Title: Re: 64. Can the Transfer of the Inventor of the Puzzle Be Manipulated?
Post by: WanderingPhilospher on October 31, 2021, 07:44:58 PM
Quote
Do you have any resources that explain how kangaroo works? I was able to find some papers that discuss the math regarding optimizing the kangaroo method, but not anything that explains how it works in a way I can understand.

Probably more importantly, do you have a formula that would allow someone to predict how long it should take to calculate a private key with a given number of bits of entropy? For example, going from 64 bits of entropy to 65 bits of entropy means there is 2x the number of potential private keys, would you expect to take approximately 2x the time to find a 65 bit private key as it took you to find a 64 bit key? I have read comments that the checksum may result in false positives when using kangaroo.

A good resource is JLPs github kangaroo page:
https://github.com/JeanLucPons/Kangaroo (https://github.com/JeanLucPons/Kangaroo)

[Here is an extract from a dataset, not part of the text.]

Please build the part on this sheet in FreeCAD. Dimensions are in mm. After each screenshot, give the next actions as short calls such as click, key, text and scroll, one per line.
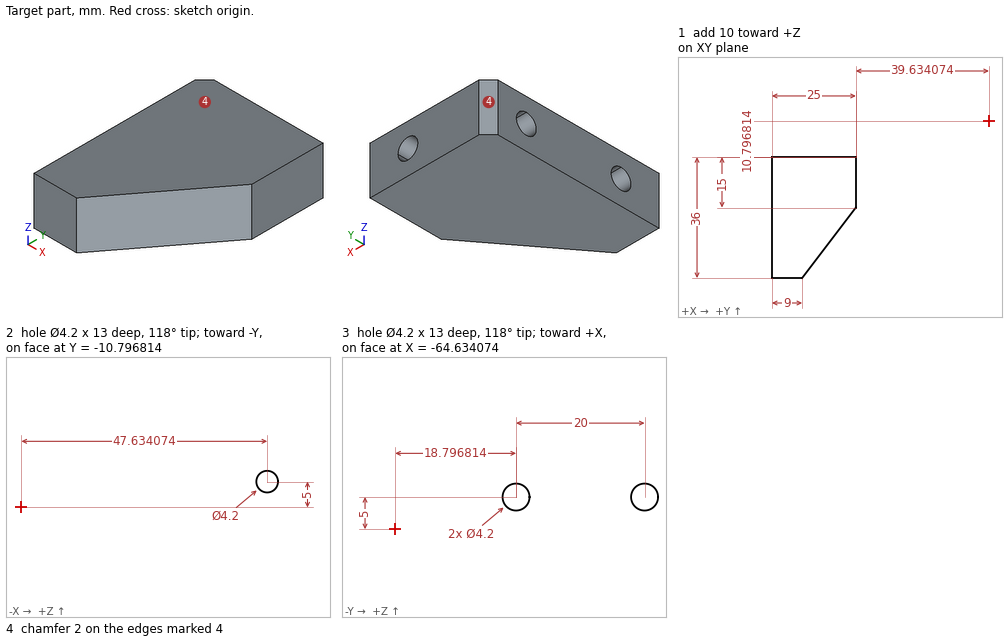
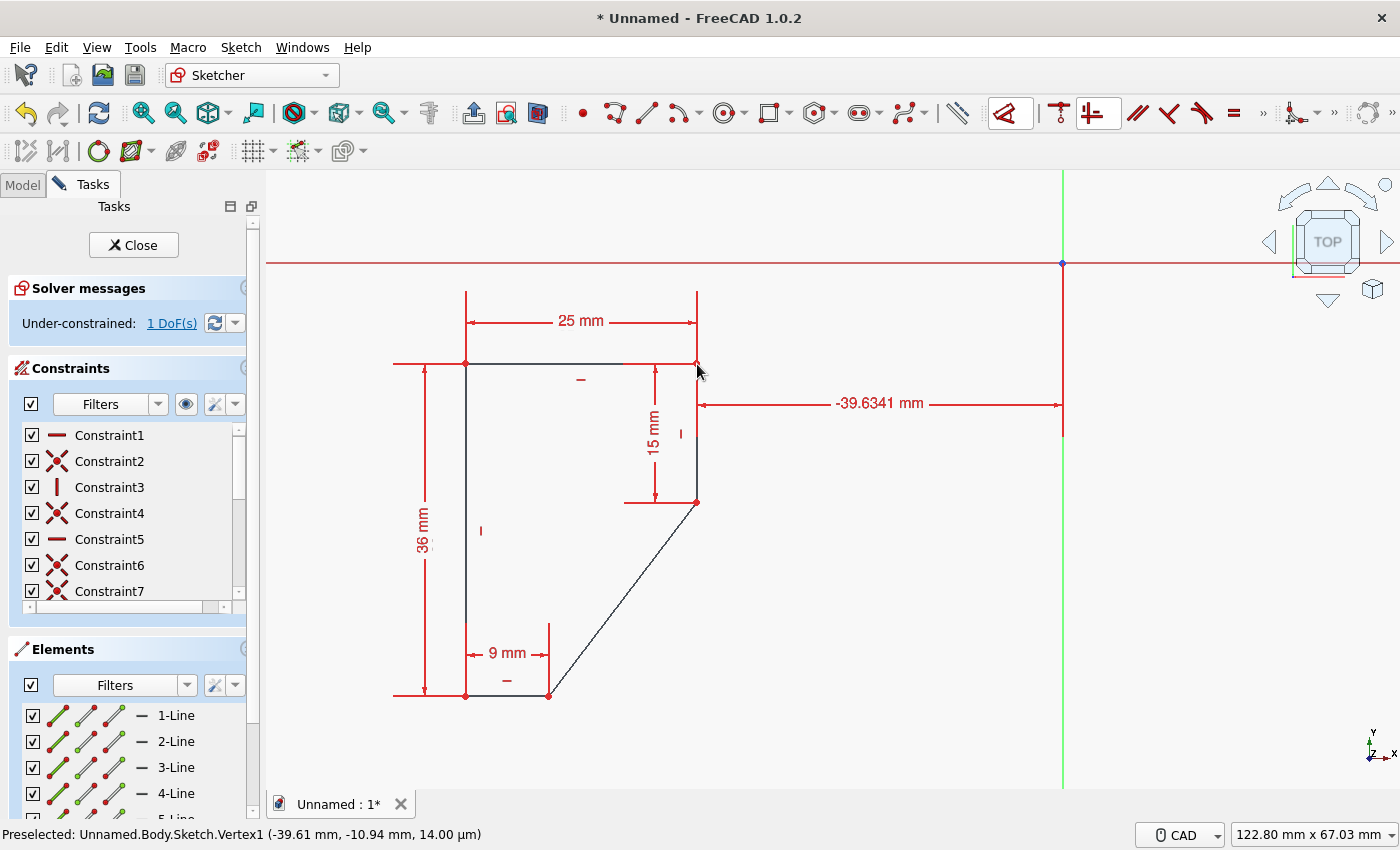
click(697, 364)

and if you want a deep dive, check out the BTC topic here:

https://bitcointalk.org/index.php?topic=5244940.0 (https://bitcointalk.org/index.php?topic=5244940.0)

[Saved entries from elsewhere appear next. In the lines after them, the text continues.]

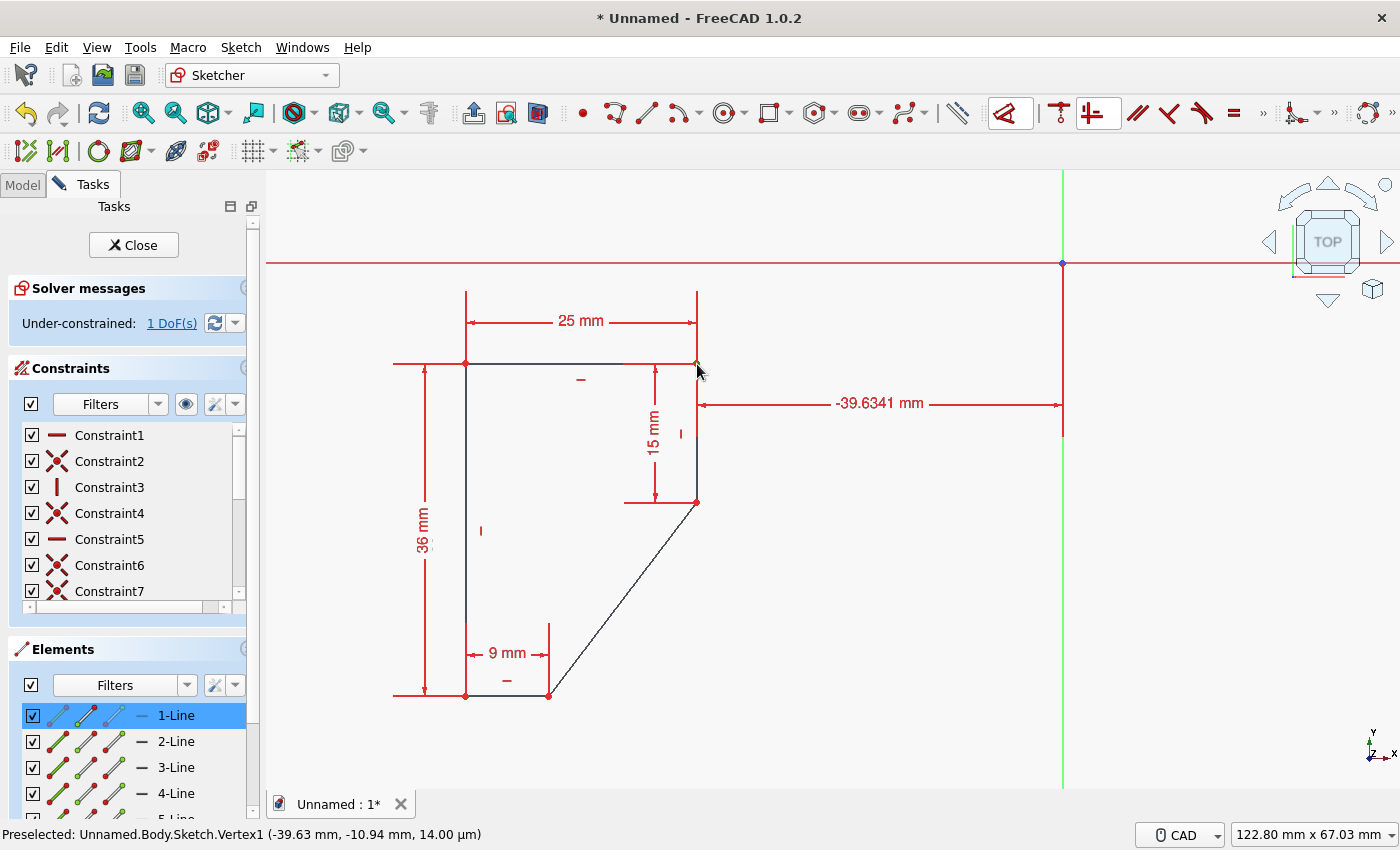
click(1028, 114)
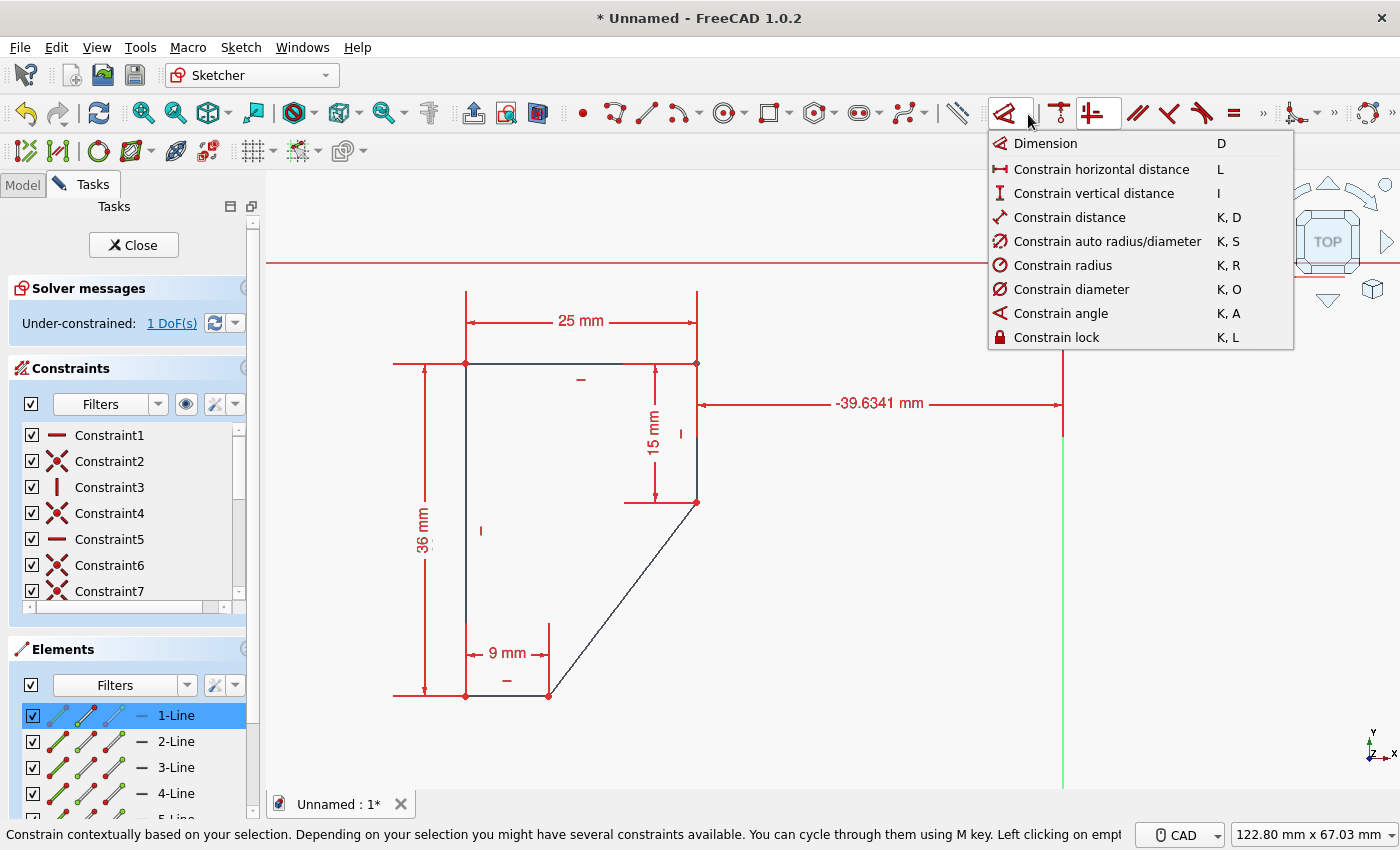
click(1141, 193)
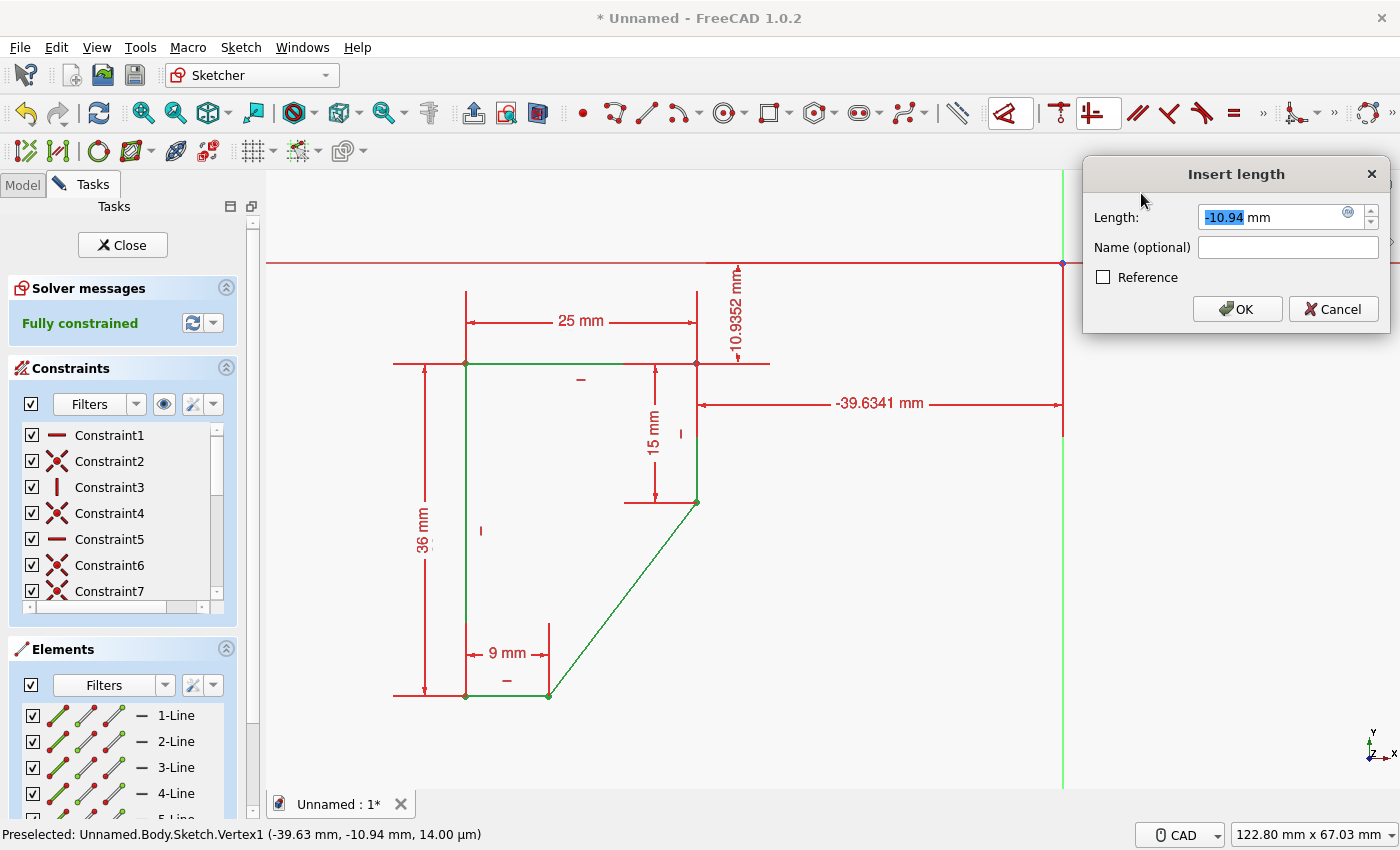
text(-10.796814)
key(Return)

Title: Re: 64. Can the Transfer of the Inventor of the Puzzle Be Manipulated?
Post by: HCP on October 31, 2021, 11:36:40 PM
Just as a test I ran Kangaroo using CPU only... (6 core, 12 threads Ryzen 5 3600)... It solved the #63 puzzle in 2:40
https://talkimg.com/images/2023/11/14/zz4yD.png


Using just the GTX1080, Kangaroo solved it in 26s. :o :o :o
https://talkimg.com/images/2023/11/14/zz5bf.png


Obviously the #64 puzzle is significantly larger than #63... but then I tried the #65 puzzle (which is even larger) and the GTX1080 solved that in only 1:34
https://talkimg.com/images/2023/11/14/zz9SZ.png


Having such a small range, and the pubkey really does make cracking these private keys very trivial.